Die Bundesnetzagentur ruft Kommunen, Unternehmen und Privathaushalte zum Energiesparen auf. Präsident Klaus Müller sagte MDR AKTUELL, Deutschland müsse jetzt die Gasspeicher füllen. Je mehr eingespart werde, desto leichter werde die Situation im Herbst oder Winter. "Ein Grad weniger Raumtemperatur hilft schon einzusparen", sagt Müller.

Das Gebot der Stunde sei jetzt über Energieeinsparungen, Energieeffizienz und über die Umstellung von Produktion zu reden. Müller bezeichnet es als unverantwortlich, dass "man jetzt sagt, ich kann meine Heizung hoch aufdrehen, mich betrifft es ja nicht so schnell. Das bedeutet, dass woanders womöglich Arbeitsplätze gefährdet sind." Er wünsche sich auch Kommunen, die eigene Beiträge leisteten, um den Gasspeicher ihrer Region zu füllen.
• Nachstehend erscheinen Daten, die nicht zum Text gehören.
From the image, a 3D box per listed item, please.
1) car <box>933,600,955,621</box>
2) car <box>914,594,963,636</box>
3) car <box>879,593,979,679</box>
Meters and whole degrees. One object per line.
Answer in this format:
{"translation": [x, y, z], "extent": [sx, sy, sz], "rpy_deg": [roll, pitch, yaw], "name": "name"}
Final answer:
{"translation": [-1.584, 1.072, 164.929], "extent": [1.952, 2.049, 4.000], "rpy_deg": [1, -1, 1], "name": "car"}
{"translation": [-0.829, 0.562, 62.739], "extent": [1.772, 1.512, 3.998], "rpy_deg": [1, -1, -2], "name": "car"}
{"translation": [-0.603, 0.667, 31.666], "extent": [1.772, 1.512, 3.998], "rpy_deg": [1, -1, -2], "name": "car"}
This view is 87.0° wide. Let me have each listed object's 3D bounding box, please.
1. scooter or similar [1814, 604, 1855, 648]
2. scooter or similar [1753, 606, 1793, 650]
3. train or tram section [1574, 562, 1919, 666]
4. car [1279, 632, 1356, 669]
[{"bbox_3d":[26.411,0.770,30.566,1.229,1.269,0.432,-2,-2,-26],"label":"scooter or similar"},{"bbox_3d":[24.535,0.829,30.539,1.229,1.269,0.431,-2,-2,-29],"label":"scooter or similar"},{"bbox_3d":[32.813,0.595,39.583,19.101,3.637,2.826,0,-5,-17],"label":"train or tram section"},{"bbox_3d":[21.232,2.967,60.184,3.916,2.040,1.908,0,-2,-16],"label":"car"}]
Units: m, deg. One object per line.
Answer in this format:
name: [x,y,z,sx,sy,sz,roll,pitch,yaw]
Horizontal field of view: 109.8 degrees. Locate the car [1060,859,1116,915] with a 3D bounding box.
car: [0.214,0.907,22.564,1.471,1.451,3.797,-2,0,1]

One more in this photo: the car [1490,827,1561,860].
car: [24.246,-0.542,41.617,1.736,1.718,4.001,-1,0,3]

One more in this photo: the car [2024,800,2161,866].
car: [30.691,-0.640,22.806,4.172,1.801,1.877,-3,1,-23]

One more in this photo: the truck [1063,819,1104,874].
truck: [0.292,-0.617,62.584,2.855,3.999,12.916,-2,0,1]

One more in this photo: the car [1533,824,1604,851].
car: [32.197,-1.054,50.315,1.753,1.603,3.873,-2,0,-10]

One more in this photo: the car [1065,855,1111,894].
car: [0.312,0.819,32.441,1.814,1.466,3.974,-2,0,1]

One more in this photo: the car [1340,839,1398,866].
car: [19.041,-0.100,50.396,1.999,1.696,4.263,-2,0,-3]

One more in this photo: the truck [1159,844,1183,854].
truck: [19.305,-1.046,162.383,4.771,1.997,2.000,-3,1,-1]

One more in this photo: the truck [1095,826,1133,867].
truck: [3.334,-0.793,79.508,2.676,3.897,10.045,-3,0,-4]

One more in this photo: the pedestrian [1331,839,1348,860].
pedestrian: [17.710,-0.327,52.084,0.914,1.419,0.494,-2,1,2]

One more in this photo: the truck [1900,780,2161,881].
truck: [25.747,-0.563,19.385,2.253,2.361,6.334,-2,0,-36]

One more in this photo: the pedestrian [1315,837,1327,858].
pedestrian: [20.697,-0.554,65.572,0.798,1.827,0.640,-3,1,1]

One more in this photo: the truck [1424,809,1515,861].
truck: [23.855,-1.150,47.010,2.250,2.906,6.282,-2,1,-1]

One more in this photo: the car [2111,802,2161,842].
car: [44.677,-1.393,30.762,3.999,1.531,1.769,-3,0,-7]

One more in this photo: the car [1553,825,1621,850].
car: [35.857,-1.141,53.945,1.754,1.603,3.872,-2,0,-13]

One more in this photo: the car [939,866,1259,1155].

Schäden durch ausbleibendes Gas

Müller erklärte, es gebe Produktionsprozesse, da könne ausbleibendes Gas und damit Wärme zu praktisch irreparablen Schäden führen. Die Bundesnetzagentur versuche derzeit gemeinsam mit Industrie und der Energiewirtschaft Kriterien zu entwickeln und Daten zu aktualisieren, damit man wisse, welche Schäden einem Unternehmen drohten. "Dieser Dialog braucht Zeit", erklärt Müller. Er bekomme aber bereits jetzt Post von Unternehmen, die auf einer Liste gerne nach vorne gezogen werden würden.

Wirtschaftsminister Habeck hatte am Dienstag die Frühwarnstufe des Notfallplans Gas ausgerufen. Sollte die Notfallstufe in Kraft treten, würde die Bundesnetzagentur die Gasverteilung in Deutschland regeln.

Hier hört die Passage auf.